VAWA also does not adequately address sex trafficking, honor killings, or child marriage. Research by the nonprofit group Unchained found that “a quarter-million children as young as 12 were married in the US between 2000 and 2010—mostly girls wed to adult men.”

VAWA should prioritize protecting women and girls from these heinous forms of violence.


2018 marked the 25th Anniversary of VAWA. IWF President Carrie Lukas and IWF Senior Advisor Andrea Bottner sat down to discuss why VAWA is in need of reform in this Facebook Live interview.

IWF also joined a coalition expressing support for reauthorizing a stronger and better Violence Against Women Act (VAWA) by including provisions enhancing penalties for female genital mutilation and allocating funding to combat gender-based violence like FGM.

IWF also released top takeaways on VAWA and why it needs reform to make it more effective and accountable.

In response to Congress’ failure to reauthorize VAWA amidst a government shutdown in December of 2018, IWF released a statement condemning this negligence and urging Congress to pass an improved VAWA to respond to FGM, encourage increased transparency, demand accountability, and make sure that victims receive the assistance they need.


The highly partisan House-passed version of VAWA, H.R. 1585, currently does not include any federal penalties for Female Genital Mutilation (FGM).
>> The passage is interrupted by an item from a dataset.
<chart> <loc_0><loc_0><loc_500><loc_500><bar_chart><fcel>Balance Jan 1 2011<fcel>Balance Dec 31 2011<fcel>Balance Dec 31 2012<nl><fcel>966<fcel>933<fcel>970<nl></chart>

In 2019, IWF launched a petition urging Congress to include adequate protections from FGM in the reauthorization of the Violence Against Women Act. Thousands have signed on in support of including provisions in VAWA to fight this heinous practice.

In a series of op-eds penned by IWF Chairman Heather Higgins, IWF Senior Advisor Andi Bottner, and IWF Visiting Fellow Dr. Qanta A. Ahmed, IWF urged policymakers to take violence against women more seriously by enacting an improved version of VAWA that truly protects women and girls.

Lawmakers heeded IWF’s advocacy and Senator Joni Ernst (R-IA) introduced the Violence Against Women Reauthorization Act of 2019, which seriously addresses the horrific crimes of FGM, honor killings, sex trafficking and child marriage. This modern, stronger, and better VAWA would, if passed, deliver solutions to those in need and bring much-needed awareness.


Policymakers can do more to prevent and respond to violence against women and to ensure that offenders are held accountable by reauthorizing a better VAWA.

Severe penalties and other prevention measures can help ensure that t girls and women are protected from FGM, child marriage, sex trafficking and honor killings.

VAWA can also be strengthened by requiring greater transparency and accountability to ensure that victims can get the assistance they need.

Congress enacted VAWA 25 years ago with laudable intentions: To prevent and respond to victims of violence. VAWA isn’t a political issue; we all want to support survivors and prevent future violence. By reauthorizing a better Violence Against Women Act (VAWA), we can ensure that funding is spent on serving victims and holding perpetrators accountable.